**Data extracted from a collection**
• • • • • • •

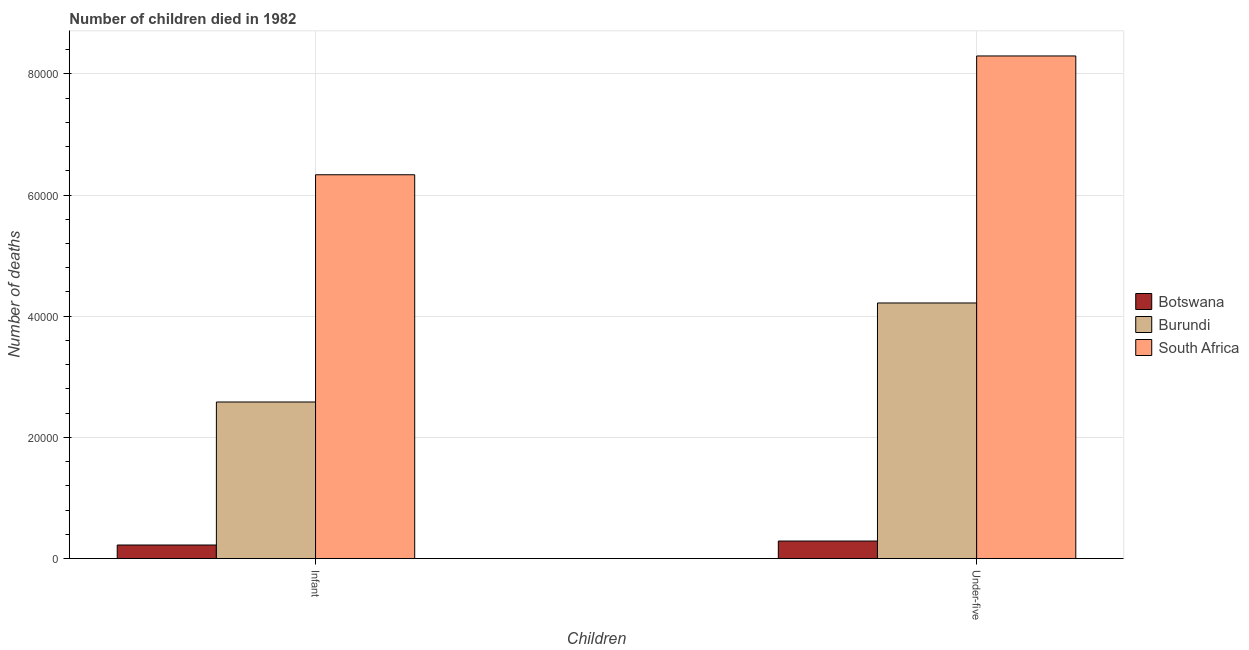How many different coloured bars are there?
Keep it short and to the point. 3. How many groups of bars are there?
Offer a terse response. 2. Are the number of bars per tick equal to the number of legend labels?
Give a very brief answer. Yes. What is the label of the 2nd group of bars from the left?
Your response must be concise. Under-five. What is the number of under-five deaths in Botswana?
Make the answer very short. 2893. Across all countries, what is the maximum number of infant deaths?
Ensure brevity in your answer.  6.34e+04. Across all countries, what is the minimum number of infant deaths?
Provide a short and direct response. 2239. In which country was the number of under-five deaths maximum?
Make the answer very short. South Africa. In which country was the number of infant deaths minimum?
Keep it short and to the point. Botswana. What is the total number of infant deaths in the graph?
Make the answer very short. 9.14e+04. What is the difference between the number of infant deaths in Botswana and that in Burundi?
Your response must be concise. -2.36e+04. What is the difference between the number of infant deaths in Burundi and the number of under-five deaths in South Africa?
Make the answer very short. -5.71e+04. What is the average number of under-five deaths per country?
Offer a terse response. 4.27e+04. What is the difference between the number of under-five deaths and number of infant deaths in Botswana?
Offer a very short reply. 654. In how many countries, is the number of under-five deaths greater than 24000 ?
Your response must be concise. 2. What is the ratio of the number of infant deaths in South Africa to that in Botswana?
Your response must be concise. 28.29. What does the 3rd bar from the left in Infant represents?
Give a very brief answer. South Africa. What does the 2nd bar from the right in Under-five represents?
Provide a succinct answer. Burundi. How many bars are there?
Keep it short and to the point. 6. How many countries are there in the graph?
Give a very brief answer. 3. Are the values on the major ticks of Y-axis written in scientific E-notation?
Your response must be concise. No. Does the graph contain grids?
Your response must be concise. Yes. Where does the legend appear in the graph?
Your answer should be very brief. Center right. How are the legend labels stacked?
Provide a succinct answer. Vertical. What is the title of the graph?
Offer a terse response. Number of children died in 1982. What is the label or title of the X-axis?
Make the answer very short. Children. What is the label or title of the Y-axis?
Provide a succinct answer. Number of deaths. What is the Number of deaths in Botswana in Infant?
Your answer should be compact. 2239. What is the Number of deaths in Burundi in Infant?
Keep it short and to the point. 2.58e+04. What is the Number of deaths of South Africa in Infant?
Provide a succinct answer. 6.34e+04. What is the Number of deaths in Botswana in Under-five?
Your answer should be compact. 2893. What is the Number of deaths of Burundi in Under-five?
Provide a short and direct response. 4.22e+04. What is the Number of deaths in South Africa in Under-five?
Make the answer very short. 8.30e+04. Across all Children, what is the maximum Number of deaths in Botswana?
Your answer should be compact. 2893. Across all Children, what is the maximum Number of deaths in Burundi?
Give a very brief answer. 4.22e+04. Across all Children, what is the maximum Number of deaths in South Africa?
Ensure brevity in your answer.  8.30e+04. Across all Children, what is the minimum Number of deaths in Botswana?
Offer a very short reply. 2239. Across all Children, what is the minimum Number of deaths in Burundi?
Make the answer very short. 2.58e+04. Across all Children, what is the minimum Number of deaths in South Africa?
Keep it short and to the point. 6.34e+04. What is the total Number of deaths of Botswana in the graph?
Give a very brief answer. 5132. What is the total Number of deaths of Burundi in the graph?
Make the answer very short. 6.80e+04. What is the total Number of deaths of South Africa in the graph?
Give a very brief answer. 1.46e+05. What is the difference between the Number of deaths in Botswana in Infant and that in Under-five?
Provide a succinct answer. -654. What is the difference between the Number of deaths in Burundi in Infant and that in Under-five?
Keep it short and to the point. -1.63e+04. What is the difference between the Number of deaths of South Africa in Infant and that in Under-five?
Provide a succinct answer. -1.96e+04. What is the difference between the Number of deaths of Botswana in Infant and the Number of deaths of Burundi in Under-five?
Offer a terse response. -3.99e+04. What is the difference between the Number of deaths of Botswana in Infant and the Number of deaths of South Africa in Under-five?
Offer a very short reply. -8.07e+04. What is the difference between the Number of deaths of Burundi in Infant and the Number of deaths of South Africa in Under-five?
Your answer should be compact. -5.71e+04. What is the average Number of deaths of Botswana per Children?
Ensure brevity in your answer.  2566. What is the average Number of deaths in Burundi per Children?
Keep it short and to the point. 3.40e+04. What is the average Number of deaths in South Africa per Children?
Provide a succinct answer. 7.32e+04. What is the difference between the Number of deaths in Botswana and Number of deaths in Burundi in Infant?
Your response must be concise. -2.36e+04. What is the difference between the Number of deaths of Botswana and Number of deaths of South Africa in Infant?
Provide a short and direct response. -6.11e+04. What is the difference between the Number of deaths of Burundi and Number of deaths of South Africa in Infant?
Provide a succinct answer. -3.75e+04. What is the difference between the Number of deaths of Botswana and Number of deaths of Burundi in Under-five?
Provide a short and direct response. -3.93e+04. What is the difference between the Number of deaths in Botswana and Number of deaths in South Africa in Under-five?
Provide a short and direct response. -8.01e+04. What is the difference between the Number of deaths in Burundi and Number of deaths in South Africa in Under-five?
Give a very brief answer. -4.08e+04. What is the ratio of the Number of deaths of Botswana in Infant to that in Under-five?
Offer a very short reply. 0.77. What is the ratio of the Number of deaths in Burundi in Infant to that in Under-five?
Provide a succinct answer. 0.61. What is the ratio of the Number of deaths of South Africa in Infant to that in Under-five?
Provide a succinct answer. 0.76. What is the difference between the highest and the second highest Number of deaths in Botswana?
Ensure brevity in your answer.  654. What is the difference between the highest and the second highest Number of deaths in Burundi?
Keep it short and to the point. 1.63e+04. What is the difference between the highest and the second highest Number of deaths in South Africa?
Your answer should be very brief. 1.96e+04. What is the difference between the highest and the lowest Number of deaths of Botswana?
Provide a succinct answer. 654. What is the difference between the highest and the lowest Number of deaths of Burundi?
Your answer should be very brief. 1.63e+04. What is the difference between the highest and the lowest Number of deaths in South Africa?
Make the answer very short. 1.96e+04. 
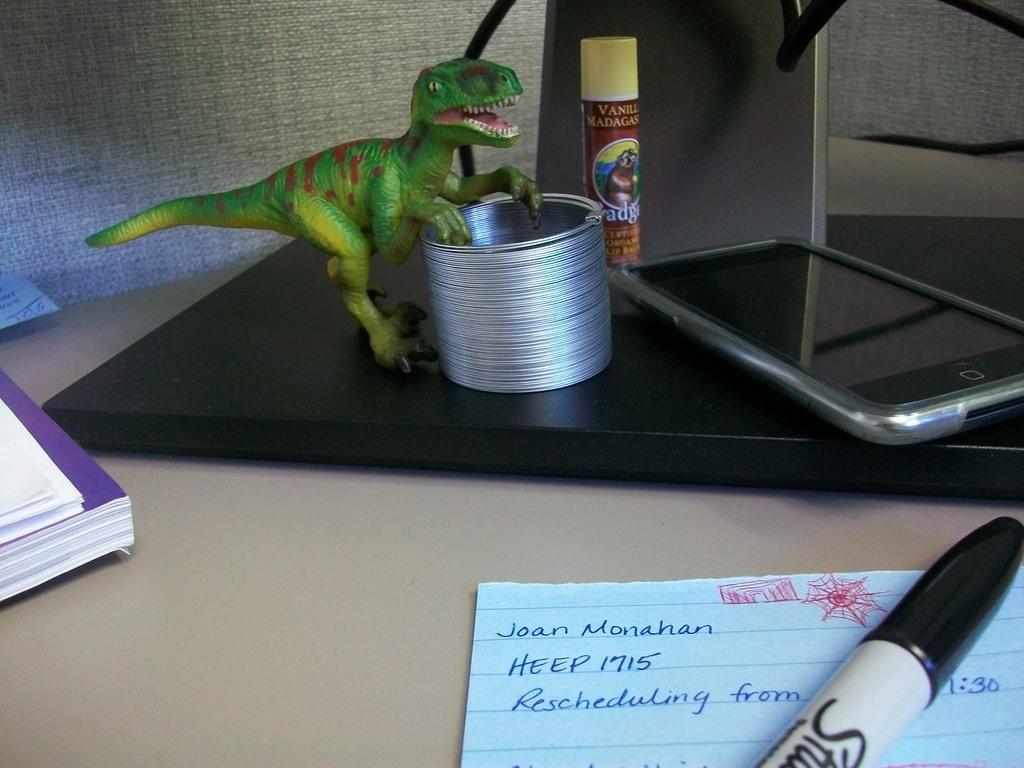Could you give a brief overview of what you see in this image? In this image we can see a paper on which we can see some note is written, we can see the pen, a book, mobile phone, a toy and few more things are kept on the surface. 
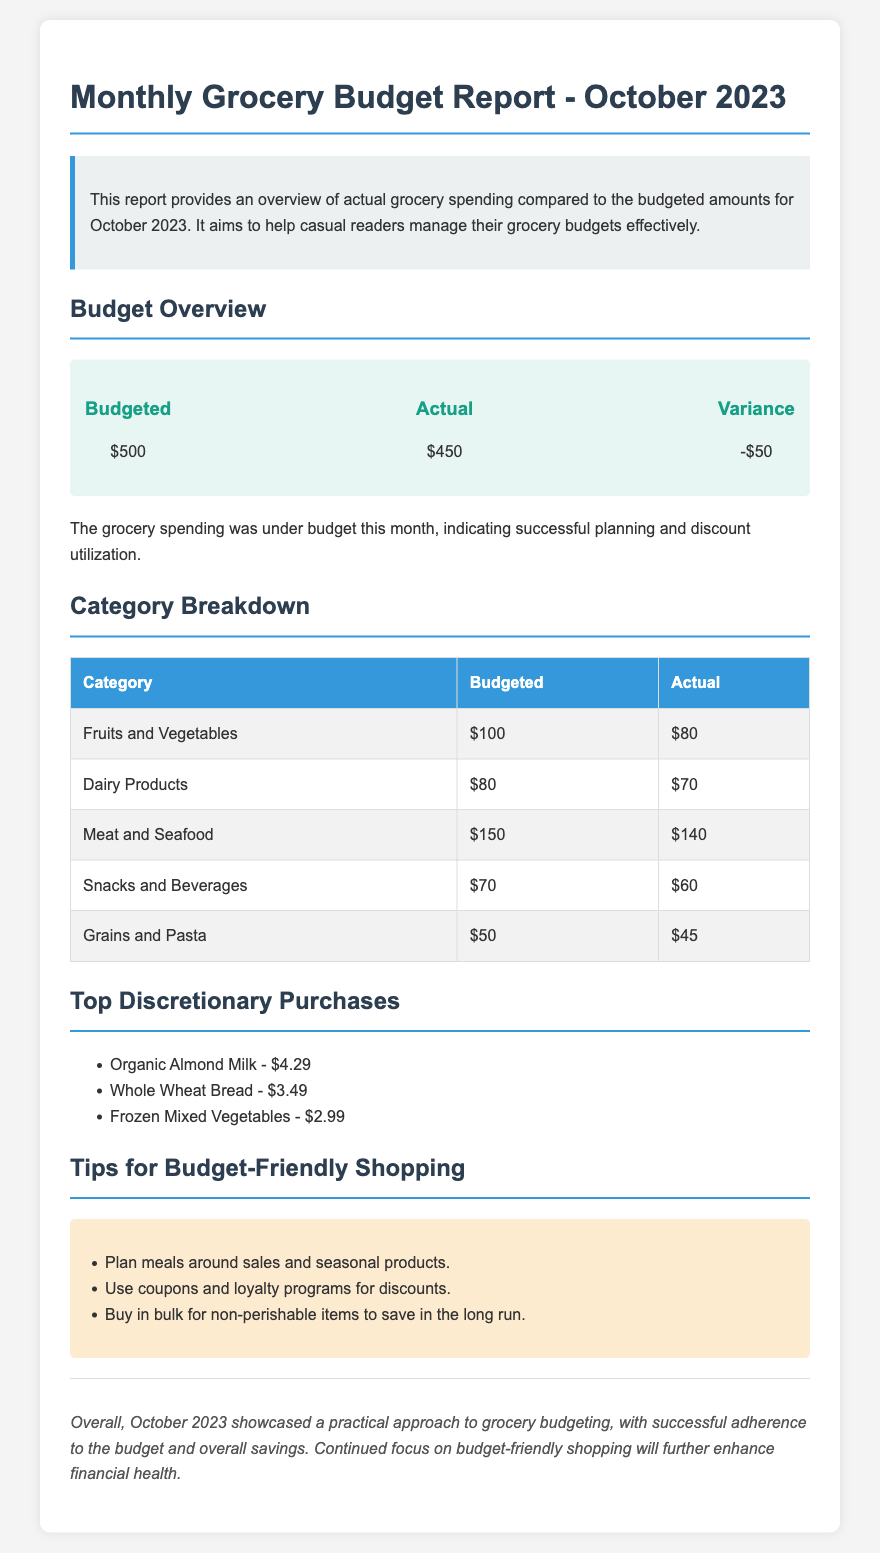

• • • • • • •

**Work instructions**
Using the entries above, output exactly the lines between the line holding "Give a very brief answer. 1.46e+05." and the line holding "Keep it short and to the point. 3.40e+04.", end lines included, and nothing more.

**Exercise solution**
Give a very brief answer. 1.46e+05. What is the difference between the Number of deaths in Botswana in Infant and that in Under-five?
Provide a succinct answer. -654. What is the difference between the Number of deaths in Burundi in Infant and that in Under-five?
Keep it short and to the point. -1.63e+04. What is the difference between the Number of deaths of South Africa in Infant and that in Under-five?
Provide a succinct answer. -1.96e+04. What is the difference between the Number of deaths of Botswana in Infant and the Number of deaths of Burundi in Under-five?
Offer a terse response. -3.99e+04. What is the difference between the Number of deaths of Botswana in Infant and the Number of deaths of South Africa in Under-five?
Offer a very short reply. -8.07e+04. What is the difference between the Number of deaths of Burundi in Infant and the Number of deaths of South Africa in Under-five?
Your answer should be compact. -5.71e+04. What is the average Number of deaths of Botswana per Children?
Ensure brevity in your answer.  2566. What is the average Number of deaths in Burundi per Children?
Keep it short and to the point. 3.40e+04. What is the average Number of deaths in South Africa per Children?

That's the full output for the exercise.